THIS PROJECT HAS RISK OF SHOCK AND FIRE!
The sodium-vapor lamp is a kind of discharge lamp that utilizes the light emission of excited sodium-vapor in the arc. There are two types of sodium-vapor lamps, high-pressure sodium (HPS) lamp and low-pressure sodium (LPS) lamp. Both of the soidum-vapor lamps are widely used for the lightings in the streets, parking lots, facilities and anywhere outdoor. The sodium-vapor lamp produces a characteristic night view filled by pale orange light or amber light as shown in right image.

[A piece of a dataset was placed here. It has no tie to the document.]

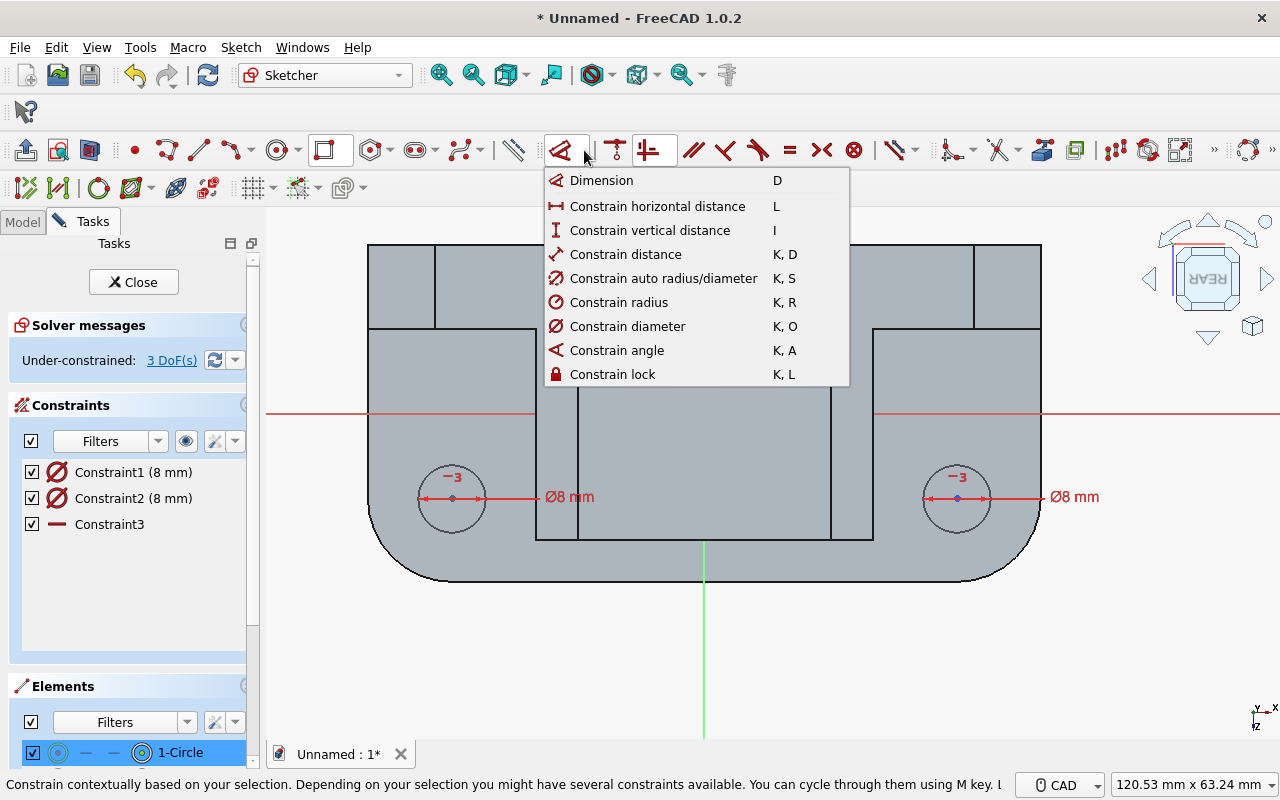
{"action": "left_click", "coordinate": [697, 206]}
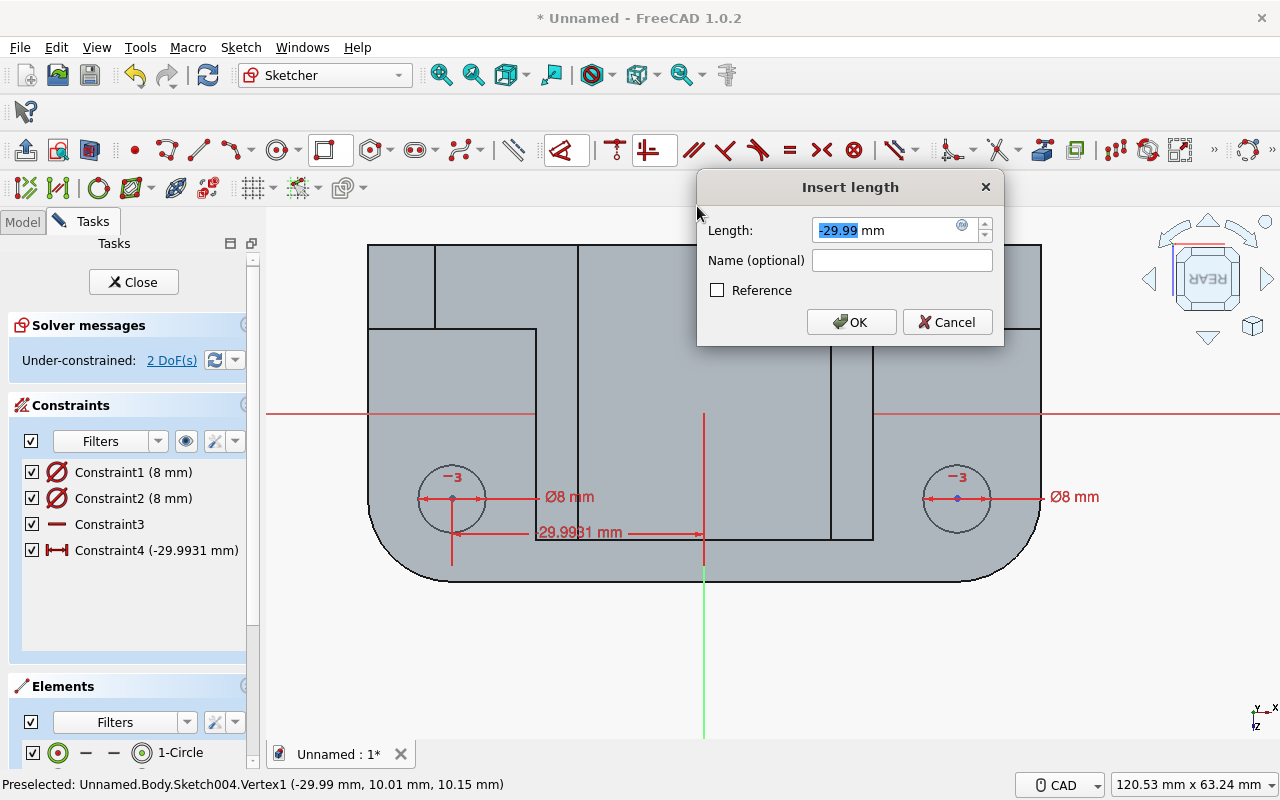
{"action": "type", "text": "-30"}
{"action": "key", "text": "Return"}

The LPS lamp is a type of vacuum discharge lamp, such as fluorescent lamp. It has some features shown below:
The sodium D-line emission in vacuum discharge becomes nearly a single line (589 nm). This monochromatic amber light enhances the eyesight in smoky air, and the high energy efficiency benefits all-day lightings in economy. These are the reason why LPS lamps have been widely used for the road lightings in tunnels, underpasses and foggy regions. However LPS lamps, as well as HID lamps, on the time to maintenance are being replaced with energy efficient LED lamps, because the diesel exhaust has become clean by automobile NOx/PM reduction law. The production of LPS lamps has been ended in 2019 worldwide, and LPS lamps will be disappear from the road ligtings in near future.
The LPS lamp has some unique features, especially its monochromatic light emission, that any other light source does not have, so that every light bulb maniac will not stop to play with LPS lamps. In this project, I made LPS lamps light with home-built control gears and luminaires.

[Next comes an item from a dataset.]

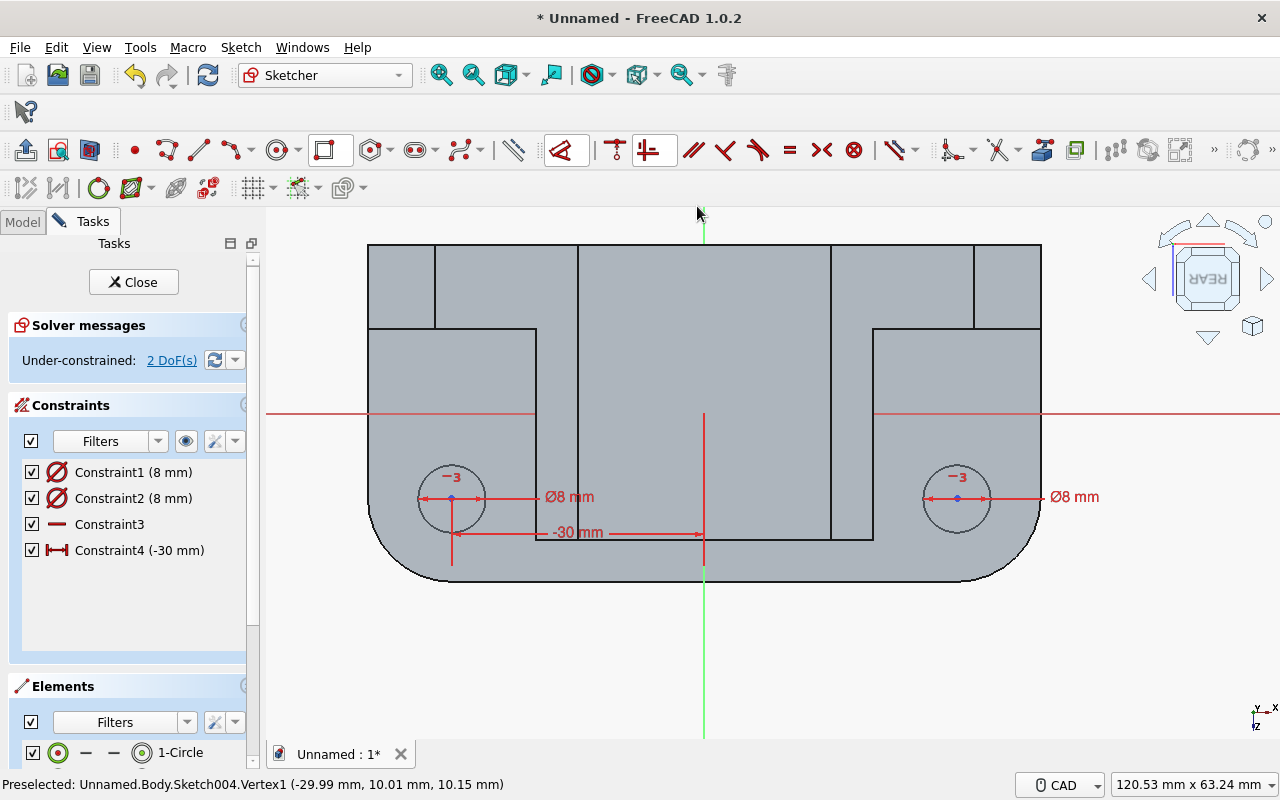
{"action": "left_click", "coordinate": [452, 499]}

Size (L/D) | SOX | SOX-E |
---|---|---|
T50 (216/52) | - | 18 W |
T50 (311/52) | 35 W | 26 W |
T50 (425/52) | 55 W | 36 W |
T65 (528/66) | 90 W | 66 W |
T65 (775/66) | 135 W | 91 W |
T65 (1120/66) | 180 W | 131 W |
In comparison with HPS lamps that in many and various styles, there are only a few types of LPS lamps in the market that listed in Table 1. The SOX lamps were sold in Japan as product code of NX, and SOX-E lamps were not sold in the end.
The optimum temperature of discharge tube for maximum light output is approx. 260 ℃ and the luminous efficacy of the lamp improves as the power consumption to maintain this temperature lowers. However the discharge tube of LPS lamp is large in size compared to the HID lamps, and the thermal insulation was not sufficient in early days. The standards of LPS lamp have continually upgraded as the improvement of thermal insulation as SO → SOI → SOX → SOX-E. SO lamps consist of a U-bend discharge tube with a detachable dewar jacket. SOI lamps are in integrated and evacuated outer tube for thermal insulation like HID lamps. SOX lamps have IR-reflective coating inside the outer tube to reduce the thermal radiation loss. SOX-E lamps are in improved corting, optimized lamp current and higher lamp voltage. The SOX and SOX-E lamps ware used until the end of age after the '80s. There was linear stlye LPS lamp (SLI) like linear fluorescent lamp, but it was superseded by SOX lamps and gone from the market.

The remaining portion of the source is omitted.